[DATA FOR THIS EXERCISE]

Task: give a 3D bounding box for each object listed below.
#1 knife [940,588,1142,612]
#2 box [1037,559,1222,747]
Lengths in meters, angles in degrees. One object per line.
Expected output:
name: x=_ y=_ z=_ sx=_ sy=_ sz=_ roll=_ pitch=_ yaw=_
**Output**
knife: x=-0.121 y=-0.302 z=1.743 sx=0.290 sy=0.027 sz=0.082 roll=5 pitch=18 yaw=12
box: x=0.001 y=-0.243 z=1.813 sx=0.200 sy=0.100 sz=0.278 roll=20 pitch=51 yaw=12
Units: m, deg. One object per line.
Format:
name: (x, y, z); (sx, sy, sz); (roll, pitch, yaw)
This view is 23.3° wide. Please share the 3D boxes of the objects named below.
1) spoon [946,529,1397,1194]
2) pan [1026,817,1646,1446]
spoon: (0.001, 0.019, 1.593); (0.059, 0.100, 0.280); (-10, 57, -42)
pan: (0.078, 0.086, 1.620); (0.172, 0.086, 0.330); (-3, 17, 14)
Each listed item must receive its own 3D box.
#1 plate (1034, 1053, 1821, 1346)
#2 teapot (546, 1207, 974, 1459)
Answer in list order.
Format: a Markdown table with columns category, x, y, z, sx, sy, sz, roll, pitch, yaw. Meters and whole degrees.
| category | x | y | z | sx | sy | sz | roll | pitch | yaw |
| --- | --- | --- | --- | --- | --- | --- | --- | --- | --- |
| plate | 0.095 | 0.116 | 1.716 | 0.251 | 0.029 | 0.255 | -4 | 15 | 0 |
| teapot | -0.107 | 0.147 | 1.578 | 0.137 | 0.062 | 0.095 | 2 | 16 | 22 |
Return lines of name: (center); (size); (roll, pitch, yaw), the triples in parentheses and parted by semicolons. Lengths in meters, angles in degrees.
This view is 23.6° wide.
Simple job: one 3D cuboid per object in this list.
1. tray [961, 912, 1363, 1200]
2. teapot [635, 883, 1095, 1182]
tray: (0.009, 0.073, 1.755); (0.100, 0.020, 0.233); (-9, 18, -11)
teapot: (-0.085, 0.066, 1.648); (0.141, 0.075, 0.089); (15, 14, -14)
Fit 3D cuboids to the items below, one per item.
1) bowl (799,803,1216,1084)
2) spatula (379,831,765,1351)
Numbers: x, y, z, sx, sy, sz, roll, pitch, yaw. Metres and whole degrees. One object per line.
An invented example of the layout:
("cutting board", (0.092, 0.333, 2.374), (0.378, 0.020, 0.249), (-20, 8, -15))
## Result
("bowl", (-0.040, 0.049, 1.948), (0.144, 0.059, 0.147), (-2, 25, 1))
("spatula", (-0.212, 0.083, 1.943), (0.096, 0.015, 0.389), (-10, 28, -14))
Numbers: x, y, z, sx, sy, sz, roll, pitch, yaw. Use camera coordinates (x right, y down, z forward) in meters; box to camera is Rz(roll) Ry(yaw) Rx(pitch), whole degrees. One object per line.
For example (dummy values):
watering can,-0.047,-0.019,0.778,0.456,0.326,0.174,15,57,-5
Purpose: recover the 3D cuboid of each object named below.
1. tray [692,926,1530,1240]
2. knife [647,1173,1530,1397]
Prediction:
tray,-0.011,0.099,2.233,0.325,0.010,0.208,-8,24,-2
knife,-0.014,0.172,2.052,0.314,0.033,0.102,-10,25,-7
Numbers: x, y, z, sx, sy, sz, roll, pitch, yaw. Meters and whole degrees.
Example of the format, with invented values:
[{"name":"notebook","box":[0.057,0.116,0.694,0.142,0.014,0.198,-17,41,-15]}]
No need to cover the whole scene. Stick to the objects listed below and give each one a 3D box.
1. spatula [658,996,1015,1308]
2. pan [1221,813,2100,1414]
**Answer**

[/DATA FOR THIS EXERCISE]

WORK TO COMPLETE: Determine how many lines of the listing above include the word "angles", then write only that number.

THE ANSWER: 2